▶ **SOURCE MATERIAL**:
****************************************

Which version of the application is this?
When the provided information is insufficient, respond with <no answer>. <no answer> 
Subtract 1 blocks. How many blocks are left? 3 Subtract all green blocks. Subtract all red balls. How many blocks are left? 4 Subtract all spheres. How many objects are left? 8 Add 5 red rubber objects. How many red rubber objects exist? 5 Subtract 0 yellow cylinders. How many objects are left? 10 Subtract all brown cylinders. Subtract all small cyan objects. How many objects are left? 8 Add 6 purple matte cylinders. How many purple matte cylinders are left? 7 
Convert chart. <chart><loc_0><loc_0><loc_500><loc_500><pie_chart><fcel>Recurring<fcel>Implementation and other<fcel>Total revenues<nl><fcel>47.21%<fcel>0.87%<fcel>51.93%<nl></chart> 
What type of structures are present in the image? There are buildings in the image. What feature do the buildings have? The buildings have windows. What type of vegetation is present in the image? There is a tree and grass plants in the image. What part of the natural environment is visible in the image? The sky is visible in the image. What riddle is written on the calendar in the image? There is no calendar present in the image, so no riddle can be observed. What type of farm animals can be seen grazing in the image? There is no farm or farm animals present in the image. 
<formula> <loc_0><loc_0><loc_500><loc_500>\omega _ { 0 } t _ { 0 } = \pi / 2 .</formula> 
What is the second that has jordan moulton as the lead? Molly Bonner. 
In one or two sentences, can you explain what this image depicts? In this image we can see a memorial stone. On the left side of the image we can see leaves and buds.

****************************************

Tell how many lines of the listing include the word "left", replying with nothing but the number.

▶ **TASK RESPONSE**: 2